Just in case you missed this, Alabama and Florida have petitioned the United States Supreme Court to review a ruling by an appellate court that will allow Georgia-that is mostly metro-Atlanta-to take water from Lake Lanier.
The appellate court ruling overturned the 2009 decision of U.S. District Court Judge Paul Magnuson, who said the city had no rights to the water in the lake as that was not part of the original intent of its construction and ordered the three states to get together and work out an amicable water sharing agreement by this summer.
An amicable agreement between Georgia, Alabama and Florida? On anything? That must have been a day when the judge had a five martini lunch.
The last time these three states agreed on anything was when they all decided to secede from the Union, and we know how well that turned out.
It's even hard to get two of them to agree on anything.
The only thing Georgia and Florida agree on is to hold a football game in Jacksonville every year and this has no effect on the water problem because during that weekend no one in Jacksonville is drinking water.
The folks in Alabama and Georgia will agree on their dislike for Steve Spurrier but that's about it, although you can throw Urban Meyer in there as well.
Alabama and Florida might agree that the beaches on the Gulf of Mexico are the best around, although they will differ on who actually owns the panhandle.

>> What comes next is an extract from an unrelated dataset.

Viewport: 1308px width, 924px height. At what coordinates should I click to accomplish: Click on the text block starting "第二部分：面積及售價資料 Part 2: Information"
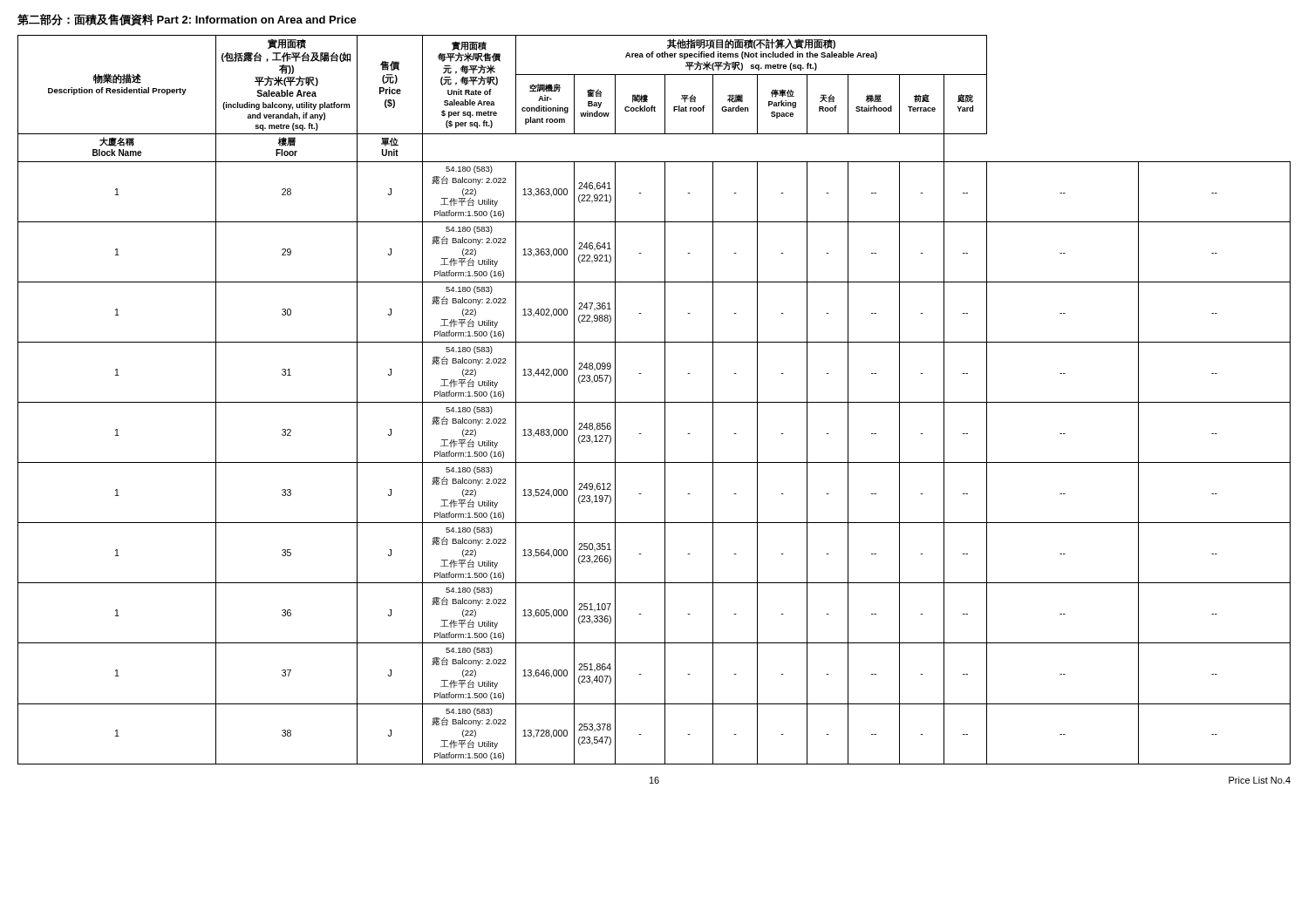click(187, 20)

While it is officially part of the State of Florida, most generally consider it just the lowest part of Alabama.
Also in this water fight, although not as loudly, are Georgia communities downstream from Atlanta who believe they have just as much right to this important resource for their own economic development and well-being as does the metro area. The natural distrust, and in some cases demented dislike, of Atlanta by some other parts of the state is not something to be ignored.
Water wars have gone on for many years but mostly in western states where water has long been a premium as well as a source of irritation and irrigation.

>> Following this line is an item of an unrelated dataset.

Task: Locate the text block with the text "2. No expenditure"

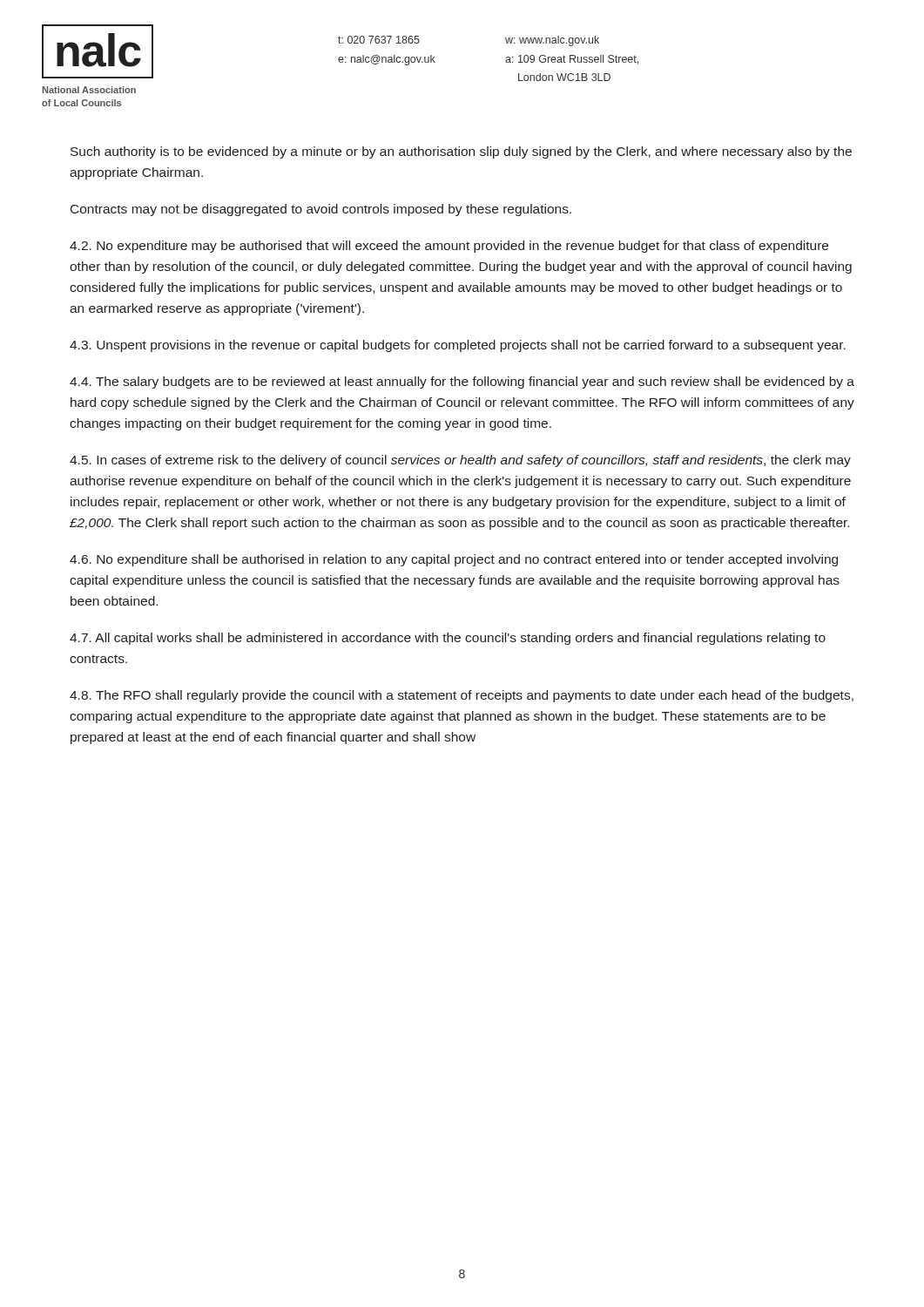Action: coord(461,277)

If the State of Colorado had bottled up the Colorado River there would be no Southern California, so we know who to blame as well as being able to see how important water is in the long term.
There is no guarantee the Supreme Court will hear the case and despite all the harping by lawyers and politicians on all sides about the correctness of their various positions there are never any guarantees who will win when things get in court.

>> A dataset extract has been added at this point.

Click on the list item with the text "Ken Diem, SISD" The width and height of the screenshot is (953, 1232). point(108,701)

Technicalities and legal entanglements abound in such complex cases as this one and it may be the High Court simply decides to-dare I say it-wash its hands of the whole business and return the fight to a lower court with instructions for the conflicting states to find a way to hammer out a deal.
This may very well put everyone back in the same posture they are in now and allow the issue to drift along like a drunken college student on a raft in the Chattahoochee.
Should the High Court hear the case it may be worth nothing that, given the age of some of the justices, they no doubt have first-hand knowledge about water retention, or lack thereof.
But this is serious business with far reaching repercussions and, frankly, should not be an issue decided in Washington by those dressed in long black robes.
The three states should be able to play together like grownups and find a solution to this problem.
The best ruling the Supreme Court could make is to require all the parties involved to be locked in a room and not allowed any water until they reached a decision. Better yet, give them all the water they want but no access to a bathroom.
That should solve the problem in a couple of hours.